1.4 Disponibilité des données
- 26 Toutes les données patients sont accessibles directement au départ d’une même application. Ceci est également le cas pour les données éventuellement recueillies par une application tierce pour être intégrée dans l’application-mère. L’utilisateur pourra accéder aux données du patient dans ce second programme, sans devoir réidentifier ce patient.
- 27 Le logiciel doit permettre de donner un statut "inactif" aux dossiers des patients que l’utilisateur ne souhaite plus voir apparaître dans la liste des dossiers actifs et vice versa.
- 28 Le logiciel qui prend l’option d’archiver les données des dossiers inactifs doit donner la garantie de pouvoir faire réapparaître ces données dans le logiciel.

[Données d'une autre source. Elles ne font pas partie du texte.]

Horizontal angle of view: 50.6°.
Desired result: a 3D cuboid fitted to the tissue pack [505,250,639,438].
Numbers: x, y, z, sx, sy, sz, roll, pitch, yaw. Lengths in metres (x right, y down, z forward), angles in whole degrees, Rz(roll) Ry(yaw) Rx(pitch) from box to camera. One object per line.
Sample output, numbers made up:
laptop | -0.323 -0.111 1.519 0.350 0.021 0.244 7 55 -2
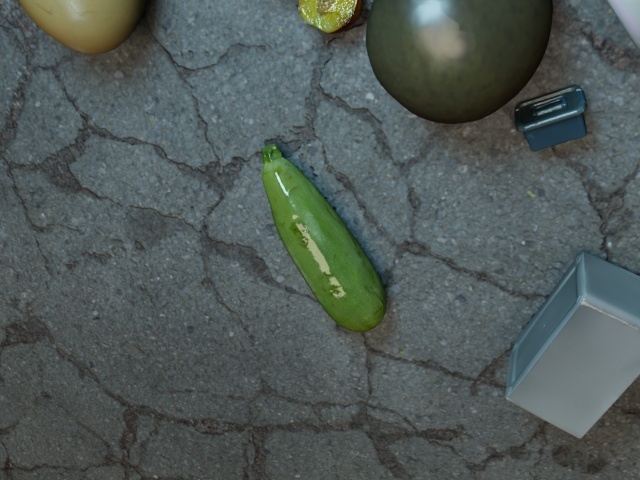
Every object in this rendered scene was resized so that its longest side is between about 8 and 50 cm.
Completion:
tissue pack | 0.420 0.166 1.093 0.136 0.159 0.246 27 124 3

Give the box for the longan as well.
longan | 0.180 -0.278 0.879 0.249 0.248 0.248 8 121 14

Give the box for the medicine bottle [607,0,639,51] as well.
medicine bottle | 0.409 -0.358 0.734 0.241 0.252 0.252 -33 105 31

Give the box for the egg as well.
egg | -0.352 -0.394 0.997 0.201 0.201 0.244 8 133 14

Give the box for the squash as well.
squash | -0.003 0.004 1.164 0.118 0.118 0.370 -24 108 28

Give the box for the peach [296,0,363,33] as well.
peach | 0.020 -0.347 0.984 0.098 0.061 0.098 4 99 24

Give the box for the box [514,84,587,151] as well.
box | 0.336 -0.173 0.978 0.099 0.074 0.054 -15 127 25
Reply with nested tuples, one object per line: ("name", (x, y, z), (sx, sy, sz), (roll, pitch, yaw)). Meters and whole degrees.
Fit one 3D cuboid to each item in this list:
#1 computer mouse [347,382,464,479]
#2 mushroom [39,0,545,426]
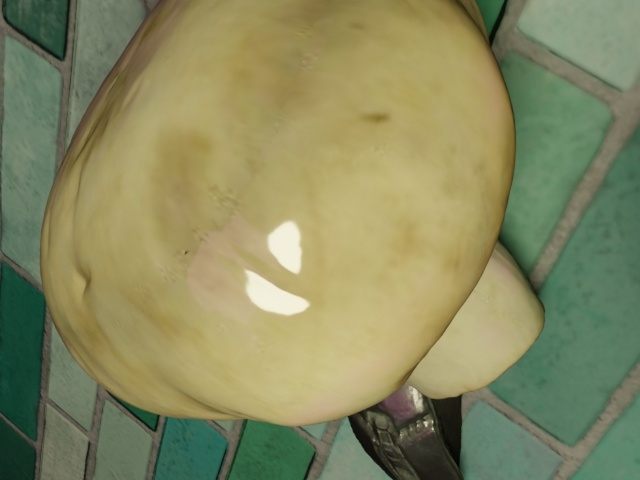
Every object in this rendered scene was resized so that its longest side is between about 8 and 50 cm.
("computer mouse", (0.072, 0.158, 0.808), (0.106, 0.062, 0.192), (4, 117, 39))
("mushroom", (-0.022, -0.012, 0.589), (0.353, 0.325, 0.353), (6, 108, 20))
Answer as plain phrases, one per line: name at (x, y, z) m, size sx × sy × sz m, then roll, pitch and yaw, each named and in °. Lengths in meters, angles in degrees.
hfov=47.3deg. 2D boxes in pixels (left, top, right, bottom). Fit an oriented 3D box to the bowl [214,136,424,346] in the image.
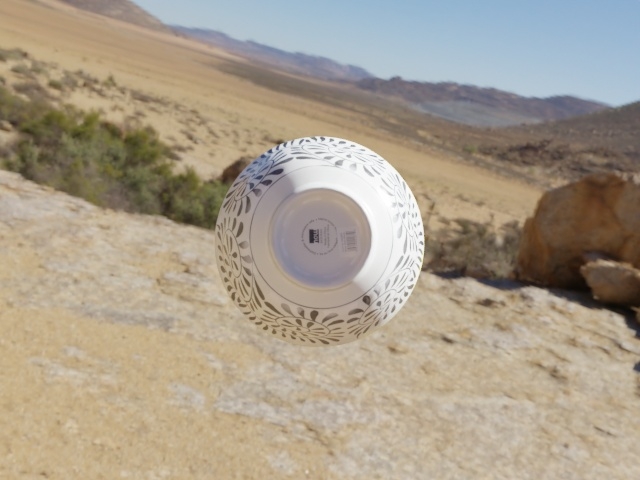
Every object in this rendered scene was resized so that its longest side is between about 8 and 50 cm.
bowl at (0.000, 0.000, 0.550) m, size 0.170 × 0.170 × 0.080 m, roll 16°, pitch -2°, yaw 0°
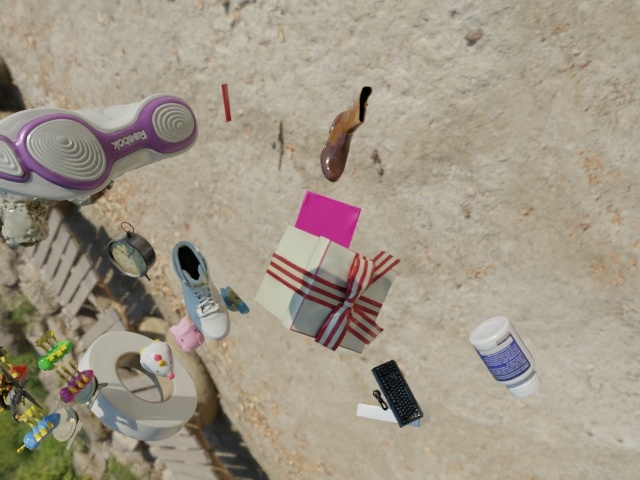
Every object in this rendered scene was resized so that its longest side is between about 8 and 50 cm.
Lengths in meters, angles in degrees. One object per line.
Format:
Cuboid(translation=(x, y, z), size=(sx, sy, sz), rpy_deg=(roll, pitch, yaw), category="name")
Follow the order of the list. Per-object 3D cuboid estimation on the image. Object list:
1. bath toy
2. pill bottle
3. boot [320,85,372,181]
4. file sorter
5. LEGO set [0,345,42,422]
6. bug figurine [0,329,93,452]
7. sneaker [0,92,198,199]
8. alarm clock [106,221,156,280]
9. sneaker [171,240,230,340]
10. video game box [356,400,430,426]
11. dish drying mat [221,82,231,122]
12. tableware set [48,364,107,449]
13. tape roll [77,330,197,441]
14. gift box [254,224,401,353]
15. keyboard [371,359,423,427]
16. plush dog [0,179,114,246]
Cuboid(translation=(-0.384, 0.286, 1.661), size=(0.129, 0.348, 0.151), rpy_deg=(42, 161, 25), category="bath toy")
Cuboid(translation=(0.466, 0.294, 1.360), size=(0.187, 0.112, 0.112), rpy_deg=(56, 143, -7), category="pill bottle")
Cuboid(translation=(0.100, -0.356, 1.878), size=(0.096, 0.264, 0.280), rpy_deg=(22, 163, -15), category="boot")
Cuboid(translation=(0.000, 0.000, 1.960), size=(0.202, 0.291, 0.182), rpy_deg=(18, 177, 0), category="file sorter")
Cuboid(translation=(-0.629, 0.176, 0.957), size=(0.331, 0.192, 0.255), rpy_deg=(61, 165, -25), category="LEGO set")
Cuboid(translation=(-0.643, 0.342, 1.264), size=(0.279, 0.216, 0.072), rpy_deg=(33, 157, 34), category="bug figurine")
Cuboid(translation=(-0.315, -0.119, 0.740), size=(0.152, 0.305, 0.114), rpy_deg=(-7, 103, 41), category="sneaker")
Cuboid(translation=(-0.514, 0.021, 1.488), size=(0.129, 0.064, 0.192), rpy_deg=(19, 135, 12), category="alarm clock")
Cuboid(translation=(-0.324, 0.138, 1.453), size=(0.293, 0.108, 0.169), rpy_deg=(66, 170, 0), category="sneaker")
Cuboid(translation=(0.243, 0.562, 1.778), size=(0.205, 0.187, 0.048), rpy_deg=(3, 76, 22), category="video game box")
Cuboid(translation=(-0.212, -0.310, 1.230), size=(0.008, 0.032, 0.083), rpy_deg=(-1, 110, 9), category="dish drying mat")
Cuboid(translation=(-0.654, 0.446, 1.470), size=(0.128, 0.194, 0.039), rpy_deg=(25, 175, 30), category="tableware set")
Cuboid(translation=(-0.569, 0.451, 1.724), size=(0.392, 0.392, 0.072), rpy_deg=(45, 105, 15), category="tape roll")
Cuboid(translation=(0.034, 0.116, 1.355), size=(0.258, 0.276, 0.255), rpy_deg=(23, 94, 59), category="gift box")
Cuboid(translation=(0.206, 0.435, 1.543), size=(0.023, 0.108, 0.180), rpy_deg=(94, 152, -59), category="keyboard")
Cuboid(translation=(-0.586, -0.140, 1.168), size=(0.211, 0.262, 0.225), rpy_deg=(53, -175, -19), category="plush dog")

2 Gestion des données administratives
2.1 Identification du patient
- 29 Le patient est identifié à l’intérieur du logiciel de façon univoque et indélébile.
- 31 Le logiciel crée et/ou actualise les identifiants à partir d’informations extérieures (messagerie médicale, ...).
- L 32 Le logiciel crée et/ou actualise les identifiants accessibles par lecture de la carte SIS et/ou de la carte d’identité électronique.
- 33 Le logiciel détecte les doubles dossiers potentiels lors de la création, sur base des nom, prénom, sexe et date de naissance.
- 34 Le logiciel permet la fusion des dossiers en double sans perte de données médicales.

2.2 Accès au dossier
36 La recherche d’un patient se fait sur base d’au moins trois des caractéristiques suivantes (isolées ou en combinaison) :
/ Nom / Prénom / Date de naissance
- 37 L’accès peut se faire sur base d’une saisie partielle des caractéristiques précitées (premiers caractères).
- 38 L’accès à un dossier peut se faire en laissant un autre dossier ouvert.

2.3 Caractéristiques du dossier
- 39 Le dossier affiche la présence ou non d’un Dossier Médical Global (DMG) en cours

2.4 Caractéristiques personnelles du patient
- 40 Le logiciel enregistre en supplément des données d’identification énumérées au critère 36 les caractéristiques suivantes :
. 40a Personne de contact
. 40b Language usuel - Le logiciel propose une table de référence par défaut pour les langues (min : fr,nl, de, en)
. 40c Télécommunication : téléphone fixe, téléphone mobile, fax, courrier électronique
. 40d Nationalité - Le logiciel propose une table de référence par défaut pour la nationalité
. 40e Sexe - Le logiciel propose une table de référence par défaut pour le sexe 40e
. 40f Etat civil - Le logiciel propose une table de référence par défaut pour l’état civil
. 40g Profession(s) - Le logiciel propose une table de référence par défaut pour la (les) profession(s)

2.5 Données d’assurabilité
- 41 Le logiciel enregistre les données d’assurabilité obligatoire : / Organisme assureur / Numéro d’inscription du bénéficiaire auprès de l’organisme assureur / Code Titulaire 1 (CT1) - Code Titulaire 2 (CT2)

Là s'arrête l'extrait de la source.